While the case in favor of the employment alternative is particularly clear-cut from the economic standpoint, it is difficult to see where any kind of a valid argument can be offered in support of an income guarantee for able-bodied individuals once it becomes possible to guarantee employment. There are those, it is true, who go to the extreme of objecting to any measure which forces an individual to work for his living, but since someone must do the producing, the only alternative is to force someone else to do the work for him; that is, to force the employed population to work longer hours to provide a living for the person who chooses leisure. Welfare, income guarantees, or subsidies of any other kind, do not come from the government. They come entirely out of the pocketbooks of those who earn what they receive. The human race as a whole is subject to a “work or starve” edict that we cannot evade—we are being forced to work, if that is the way anyone wants to look at the situation—and if one person fails to do his part, someone else has to do it for him.

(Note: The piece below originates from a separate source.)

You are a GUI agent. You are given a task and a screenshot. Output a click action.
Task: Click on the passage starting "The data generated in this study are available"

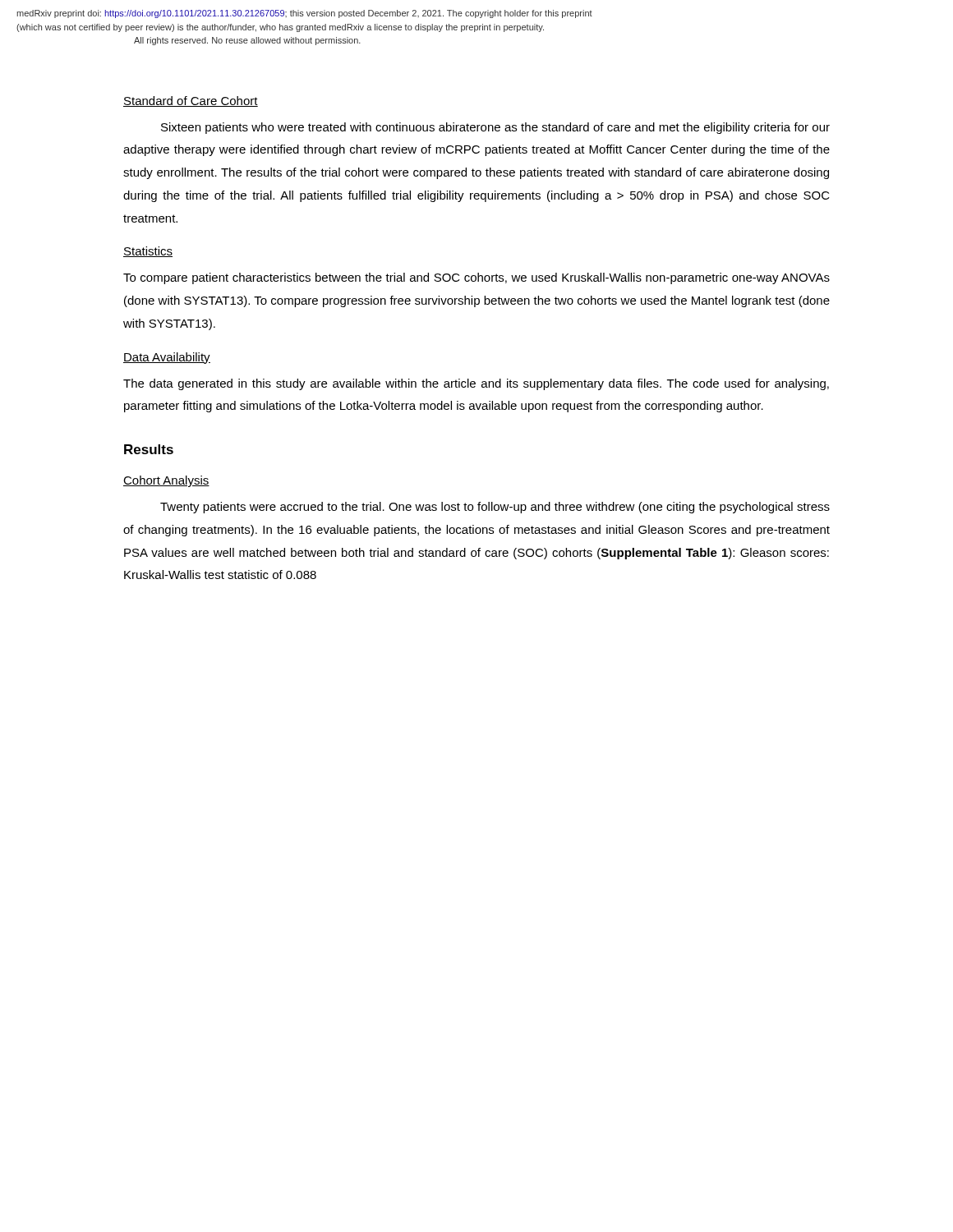476,394

Under these circumstances, it is definitely in order to insist that each individual must at least carry his own weight, if he is physically and mentally able to do so.

Living in idleness on the kind of a minimum income that can be provided under an “assistance” plan also has some highly undesirable consequences, both for the individuals that are involved and for the society in which they live. Indeed, many of the social problems that are currently attributed to “poverty”, and are cited as justification for the income maintenance programs are largely, if not entirely, due to idleness, and will be intensified by measures such as the income guarantee that increase the idle population. The only effective remedy for unemployment is employment.